Just as the Central Statistics Office (CSO) confirmed Ireland’s 2020 grain production to be down 16% on the previous year, international grain prices have kicked on once again.
That is not to suggest that the two are cause and effect, but lower than expected global production last year, combined with higher demand, has left lower stock levels to buffer any weather-related production difficulties this year.
Area, weather and stocks have again become a concern in recent weeks as the combination of cold and dryness affect planting and crop potential.
This has led to a price spike which provides growers with forward selling opportunities.
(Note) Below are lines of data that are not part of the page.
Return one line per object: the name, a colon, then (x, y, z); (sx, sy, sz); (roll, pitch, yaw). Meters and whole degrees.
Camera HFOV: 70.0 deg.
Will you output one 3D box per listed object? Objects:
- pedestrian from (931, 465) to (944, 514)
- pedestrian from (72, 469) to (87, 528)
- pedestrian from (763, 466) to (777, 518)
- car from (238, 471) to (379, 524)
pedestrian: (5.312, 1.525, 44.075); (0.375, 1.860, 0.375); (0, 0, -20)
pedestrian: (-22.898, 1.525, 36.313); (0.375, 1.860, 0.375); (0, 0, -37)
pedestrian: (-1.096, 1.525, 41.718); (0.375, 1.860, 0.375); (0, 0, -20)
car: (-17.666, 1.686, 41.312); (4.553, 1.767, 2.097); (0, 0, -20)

While prices could rise further, early spring weather problems frequently self-correct allowing prices to fall again.
November wheat pushed up on €215/t this week, with barley up to €205/t.
Chicago December maize has been on an upward trend since last August (€118/t) and it traded at €174/t this week.
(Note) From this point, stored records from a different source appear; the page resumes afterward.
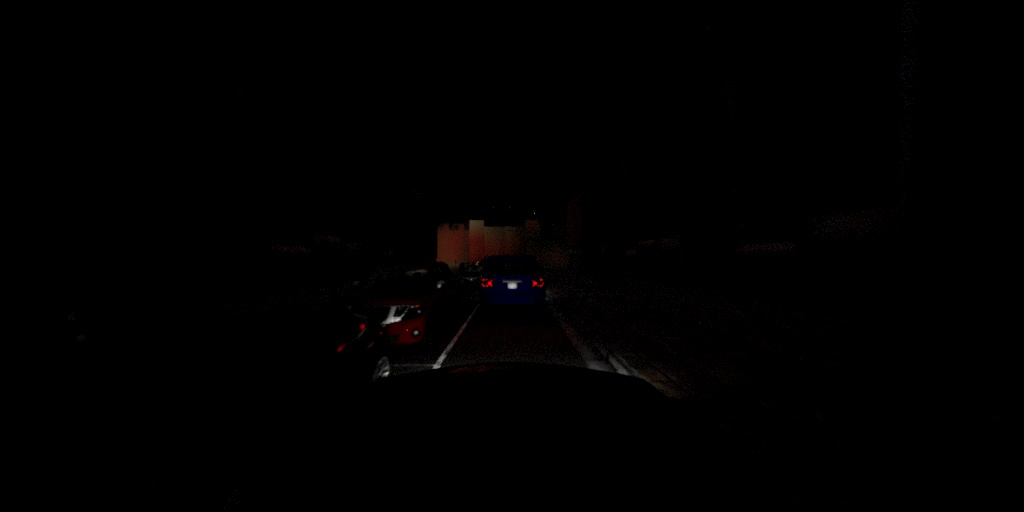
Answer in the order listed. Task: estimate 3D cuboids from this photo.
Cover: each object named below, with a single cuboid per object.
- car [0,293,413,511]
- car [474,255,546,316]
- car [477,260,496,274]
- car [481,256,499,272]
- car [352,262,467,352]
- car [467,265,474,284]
[{"bbox_3d":[-2.637,1.318,3.691,1.948,1.339,4.313,0,0,0],"label":"car"},{"bbox_3d":[0.041,0.990,13.513,2.150,2.045,5.566,0,0,1],"label":"car"},{"bbox_3d":[-3.001,1.300,43.115,1.882,1.535,5.008,0,0,0],"label":"car"},{"bbox_3d":[-2.965,1.067,50.146,2.150,2.045,5.566,0,0,0],"label":"car"},{"bbox_3d":[-2.636,1.074,9.118,2.192,1.841,5.009,0,0,0],"label":"car"},{"bbox_3d":[-2.630,1.337,25.398,2.007,1.370,4.403,0,0,0],"label":"car"}]

Production in 2020 was 2.013Mt, down from 2.396Mt in 2019
This lack of ‘cheap’ maize is supporting prices but any news of increased area or yield potential could reverse this trend.
The lower Irish production in 2020 was a consequence of the lower winter crop planting, winter damage, drought issues and a very small reduction in overall area.
Production in 2020 was 2.013Mt, down from 2.396Mt in 2019. Potato production in 2020 was down 21.5% on 2019, mainly a consequence of high yields? that year.